[AWK]

1 mole of mixture contained x mole of CO2 and 1-x mole of CO showing mean molecular mass of 31.32

[Rutherford]

Okay, then x=0.2075 n(O2)=0.2075/2 n(CO)=0.2075+0.2075
CO/O₂=4  

[AWK]

Moles CO before reaction = 1 (CO and CO2 after reaction)

[Rutherford]

1/(0.2075/2)=9.64 wrong answer.
I am starting to think that this can't be solved after all.

[Borek]

It can be solved, 11th post by AWK precisely explains how to do it.

[Rutherford]

I really don't understand. Could AWK or you explain it more clearly. The answer should be 10.3.

[AWK]

First of all - mean molecular mass of air is 28.8 (for 20 % vol. O₂ and 80 % vol. N₂. This gives 0.194 moles of CO₂. And this is your problem. The last your solution is correct, when you use the correct number 28.8 instead of 29 and 31.104 instead of 31.32.

[Rutherford]

I begun to understand now, thanks very much. Just one last question:

Moles CO before reaction = 1 (CO and CO2 after reaction)

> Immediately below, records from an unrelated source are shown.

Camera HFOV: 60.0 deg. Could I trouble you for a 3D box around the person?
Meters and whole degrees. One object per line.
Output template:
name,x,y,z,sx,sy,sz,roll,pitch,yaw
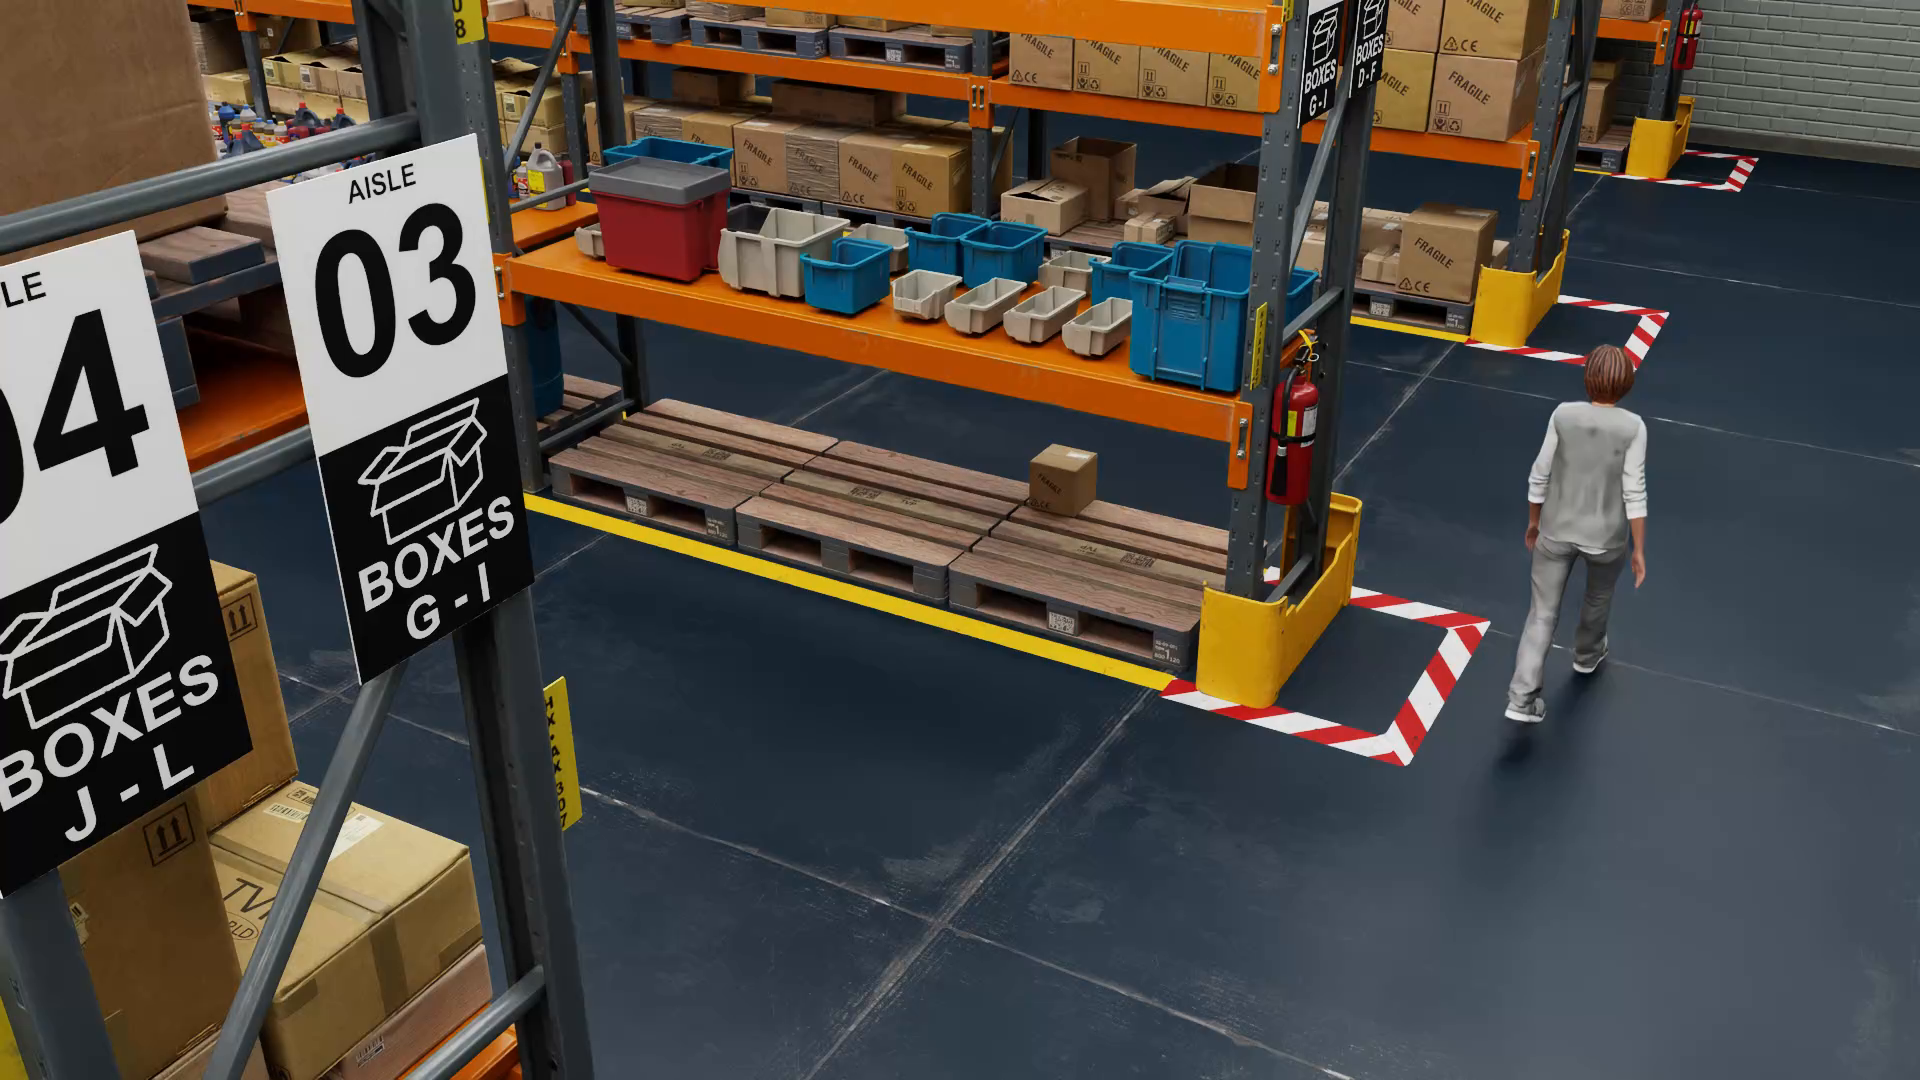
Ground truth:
person,2.519,-0.025,6.701,0.508,1.534,0.999,12,29,23

why did you use 1 mol to be the n of CO, if you used some other number like 2,3,4,5... would you get the same right?
I know that you said "1 mol of mixture"

[AWK]

Mean molecular mass of gases is calculate for 1 mole of gaseous molecules

[Rutherford]

I never done a problem that way so it is a harder for me to understand:

1 mole of mixture contained x mole of CO2 and 1-x mole of CO showing mean molecular mass of 31.32

I didn't understand where from did you get the 1 mol for this mixture, I though that you could use for example another number like 2:
2 mole of mixture-->x mole of CO2 and 2-x mole of CO
Why 1 if hte mixture doesn't have a molar mass.

[Borek]

It doesn't have to be 1 mole. It is easier to do calculations for 1 mole, but you don't have even to assume number of moles, you can do calculations using molar fractions. However, molar fractions add to 1, so math would be identical.

[Rutherford]

That I wanted to know. So, maybe the easiest way is to assume the number of moles and then to do the way AWK explained.
I thank you two for having patience with me and for helping me to solve and understand this .